I wonder if Bevin’s instant distrust of Stalin was also just native shrewdness. Bevin was no fool and knew a stinker when he met one. Also, Adonis doesn’t really discuss the poor relationship between the UK and the US immediately after the war and the US dislike and distrust of British imperialism. But they were important context for what happened in 1945-48. Even so, I think Adonis is on the money. Not all Labour MPs were happy with what they saw as Bevin’s warmongering, but his contribution to Western peace and security was immeasurable.

But Adonis is hard on Bevin in some respects, noting again that he did not like opposition. He is also very critical of some aspects of Bevin’s tenure at the Foreign Office. He takes a rather black-and-white view sometimes. Thus he is merciless in judging Bevin’s handling of Palestine. It is true that, on Bevin’s watch, Britain’s mandate over Palestine ended very badly. People in the region are still paying the price. But it is not always clear what Adonis thinks Bevin should have done. After all, the problem preceded Bevin and has not been solved since.

Adonis is also highly critical of Bevin’s imperialism. It’s true that Bevin regarded the colonies as an ongoing resource and neither he nor Attlee was interested in decolonisation. In Africa it would take a remarkable Conservative Colonial Secretary, Iain Macleod, to force the pace some years later. Again, I think Adonis has a point here. The Secretary of State for the Colonies, Arthur Creech-Jones, was a Cabinet minister in his own right and had a long-standing interest in colonial affairs.
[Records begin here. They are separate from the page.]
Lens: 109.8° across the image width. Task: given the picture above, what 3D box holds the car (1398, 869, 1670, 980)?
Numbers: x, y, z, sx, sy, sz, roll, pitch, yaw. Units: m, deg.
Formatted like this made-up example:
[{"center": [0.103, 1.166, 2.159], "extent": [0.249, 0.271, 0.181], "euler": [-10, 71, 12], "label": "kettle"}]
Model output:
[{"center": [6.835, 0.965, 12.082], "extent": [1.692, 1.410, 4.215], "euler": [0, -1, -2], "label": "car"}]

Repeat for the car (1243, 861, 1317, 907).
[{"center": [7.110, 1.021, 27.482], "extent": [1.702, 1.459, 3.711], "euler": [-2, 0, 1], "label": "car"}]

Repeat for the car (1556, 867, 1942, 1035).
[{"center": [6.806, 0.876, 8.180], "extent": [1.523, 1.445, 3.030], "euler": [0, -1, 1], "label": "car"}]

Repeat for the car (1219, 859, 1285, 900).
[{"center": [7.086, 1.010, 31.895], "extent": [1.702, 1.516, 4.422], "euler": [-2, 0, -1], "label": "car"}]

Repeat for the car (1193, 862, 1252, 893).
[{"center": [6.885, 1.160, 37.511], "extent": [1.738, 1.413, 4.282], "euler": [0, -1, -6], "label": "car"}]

It may be that he would have liked to move faster and that Attlee and Bevin frustrated this.  (Bevin did not have responsibility for India.)
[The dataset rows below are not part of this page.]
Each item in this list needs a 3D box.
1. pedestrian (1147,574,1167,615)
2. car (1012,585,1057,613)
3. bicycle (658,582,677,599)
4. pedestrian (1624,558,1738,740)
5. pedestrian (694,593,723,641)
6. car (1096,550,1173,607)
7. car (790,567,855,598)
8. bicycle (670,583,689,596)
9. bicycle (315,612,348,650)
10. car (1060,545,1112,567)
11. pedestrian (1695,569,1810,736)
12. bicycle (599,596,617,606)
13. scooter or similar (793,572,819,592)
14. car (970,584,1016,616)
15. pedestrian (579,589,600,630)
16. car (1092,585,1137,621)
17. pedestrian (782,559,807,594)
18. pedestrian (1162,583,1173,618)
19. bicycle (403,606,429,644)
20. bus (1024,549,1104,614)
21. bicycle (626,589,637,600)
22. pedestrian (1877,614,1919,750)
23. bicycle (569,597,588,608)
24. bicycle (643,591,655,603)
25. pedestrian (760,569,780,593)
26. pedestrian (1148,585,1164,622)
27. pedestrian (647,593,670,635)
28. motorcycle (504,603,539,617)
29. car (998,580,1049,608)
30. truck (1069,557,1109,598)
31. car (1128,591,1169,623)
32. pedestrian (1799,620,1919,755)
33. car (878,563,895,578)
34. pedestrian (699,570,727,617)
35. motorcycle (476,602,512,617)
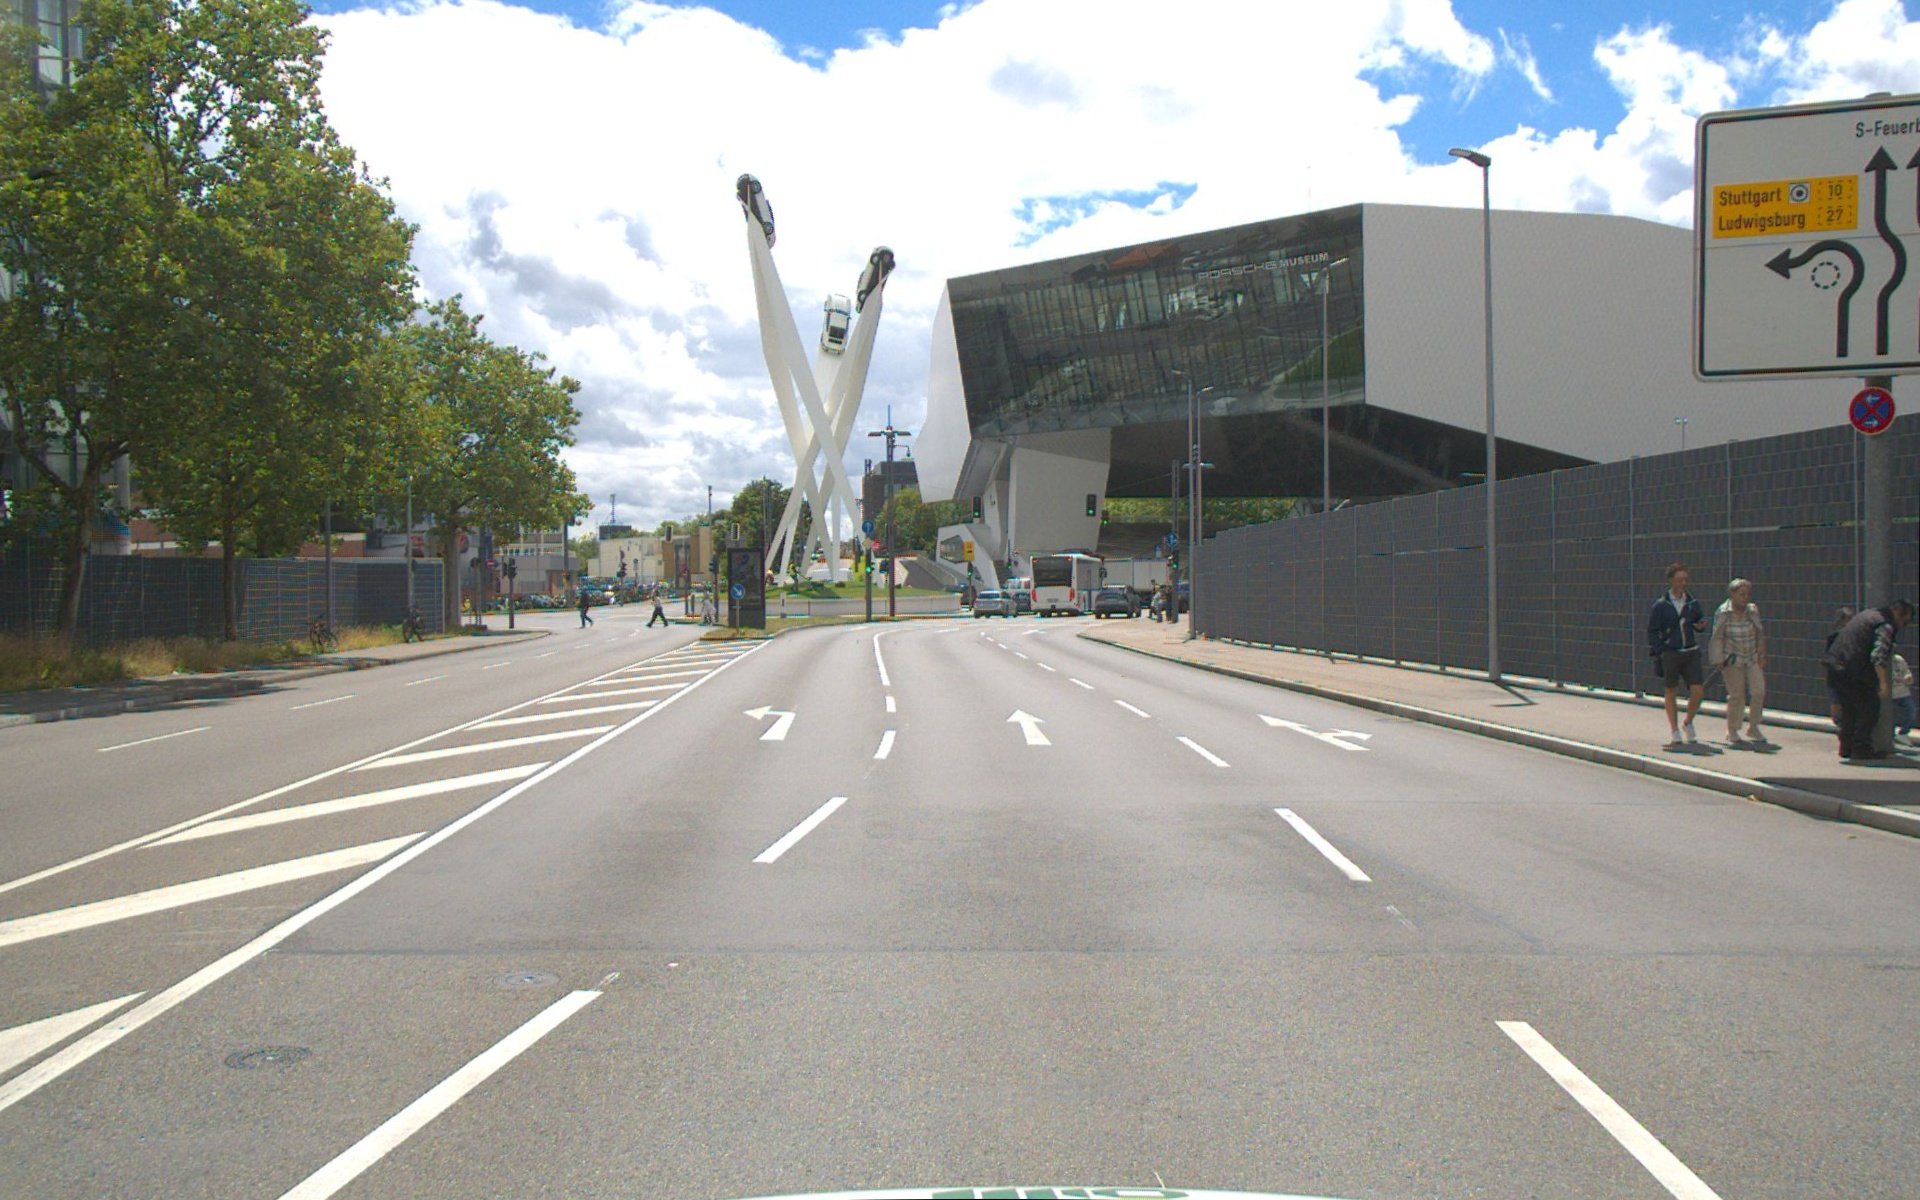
[{"bbox_3d":[9.305,-0.265,77.998,0.649,1.899,0.789,1,-1,-17],"label":"pedestrian"},{"bbox_3d":[4.650,-0.032,102.718,1.951,1.665,4.003,0,0,15],"label":"car"},{"bbox_3d":[-25.432,-0.821,143.892,1.574,1.407,0.492,1,-1,-4],"label":"bicycle"},{"bbox_3d":[7.104,0.474,16.330,0.779,1.751,0.731,1,-1,-4],"label":"pedestrian"},{"bbox_3d":[-11.120,0.741,73.021,0.932,2.091,0.951,0,-1,15],"label":"pedestrian"},{"bbox_3d":[11.592,-1.369,110.815,3.271,3.565,9.329,1,0,-6],"label":"car"},{"bbox_3d":[-10.213,-1.272,123.232,4.542,2.209,2.001,1,-1,4],"label":"car"},{"bbox_3d":[-25.677,-0.960,151.424,1.703,1.202,0.669,1,1,-5],"label":"bicycle"},{"bbox_3d":[-17.160,0.845,45.162,0.290,1.023,1.253,0,-1,7],"label":"bicycle"},{"bbox_3d":[11.302,-3.961,148.831,4.438,1.418,1.988,10,11,43],"label":"car"},{"bbox_3d":[7.892,0.515,16.492,0.779,1.625,0.731,1,-1,-4],"label":"pedestrian"},{"bbox_3d":[-29.710,0.079,139.641,0.482,0.881,1.607,0,-1,31],"label":"bicycle"},{"bbox_3d":[-8.683,-1.017,93.255,1.373,1.043,0.550,-2,6,-4],"label":"scooter or similar"},{"bbox_3d":[1.802,0.015,89.035,1.951,1.665,4.003,1,0,9],"label":"car"},{"bbox_3d":[-16.640,0.425,74.237,0.849,1.805,1.030,1,-1,-17],"label":"pedestrian"},{"bbox_3d":[7.681,0.116,82.015,1.951,1.665,4.004,1,1,9],"label":"car"},{"bbox_3d":[-9.337,-1.325,93.122,1.257,1.847,0.986,-4,4,-7],"label":"pedestrian"},{"bbox_3d":[9.672,0.033,77.120,0.454,1.644,0.663,1,-1,-1],"label":"pedestrian"},{"bbox_3d":[-16.968,0.767,51.614,0.290,1.151,1.484,1,-1,0],"label":"bicycle"},{"bbox_3d":[5.968,-0.920,92.899,3.006,3.421,12.233,0,0,10],"label":"bus"},{"bbox_3d":[-28.926,-0.489,145.688,0.480,0.881,1.613,-1,2,8],"label":"bicycle"},{"bbox_3d":[8.944,0.743,15.207,0.699,1.228,0.599,1,-1,0],"label":"pedestrian"},{"bbox_3d":[-31.286,0.178,135.611,1.576,0.881,0.491,0,-1,31],"label":"bicycle"},{"bbox_3d":[-26.267,-0.277,139.629,0.480,0.881,1.613,-1,3,8],"label":"bicycle"},{"bbox_3d":[-12.038,-1.195,104.710,0.835,1.431,0.965,-7,-3,19],"label":"pedestrian"},{"bbox_3d":[8.792,0.149,74.178,0.645,1.636,0.823,0,-1,8],"label":"pedestrian"},{"bbox_3d":[-13.071,0.607,71.614,0.849,1.805,1.030,1,-1,-17],"label":"pedestrian"},{"bbox_3d":[-37.779,0.859,142.508,2.841,1.217,0.921,0,-1,15],"label":"motorcycle"},{"bbox_3d":[4.496,-0.413,117.983,1.971,1.937,3.963,1,-1,-28],"label":"car"},{"bbox_3d":[8.481,-1.438,108.973,2.162,2.560,5.132,1,0,-1],"label":"truck"},{"bbox_3d":[10.002,0.379,87.510,1.951,1.665,4.003,1,0,9],"label":"car"},{"bbox_3d":[8.187,0.773,14.919,0.742,1.169,0.971,1,-1,0],"label":"pedestrian"},{"bbox_3d":[-8.715,-3.472,195.671,1.953,1.664,4.655,1,2,-2],"label":"car"},{"bbox_3d":[-11.064,-0.269,74.138,0.932,2.091,0.951,0,-1,15],"label":"pedestrian"},{"bbox_3d":[-39.202,0.818,139.018,2.841,1.217,0.921,0,-1,15],"label":"motorcycle"}]

The Potsdam Conference, 1945; Attlee and Bevin had taken over
from Churchill and Eden during the conference itself.
Front row, Attlee, Truman and Stalin; at rear,
Truman's Chief of Staff, Admiral Leahy; Bevin; Secretary of
State Byrne; and Stalin's Foreign Minister, Vyacheslav Molotov

(US National Archives/NationalMuseumof the US Navy) 
Last but not least, Adonis deprecates Bevin’s lack of interest in the nascent European Union, in the shape of the European Coal and Steel Community (ECSC) formed in 1950. It is true that Bevin was negative towards British participation, partly because he wanted to protect Britain’s own coal and steel. 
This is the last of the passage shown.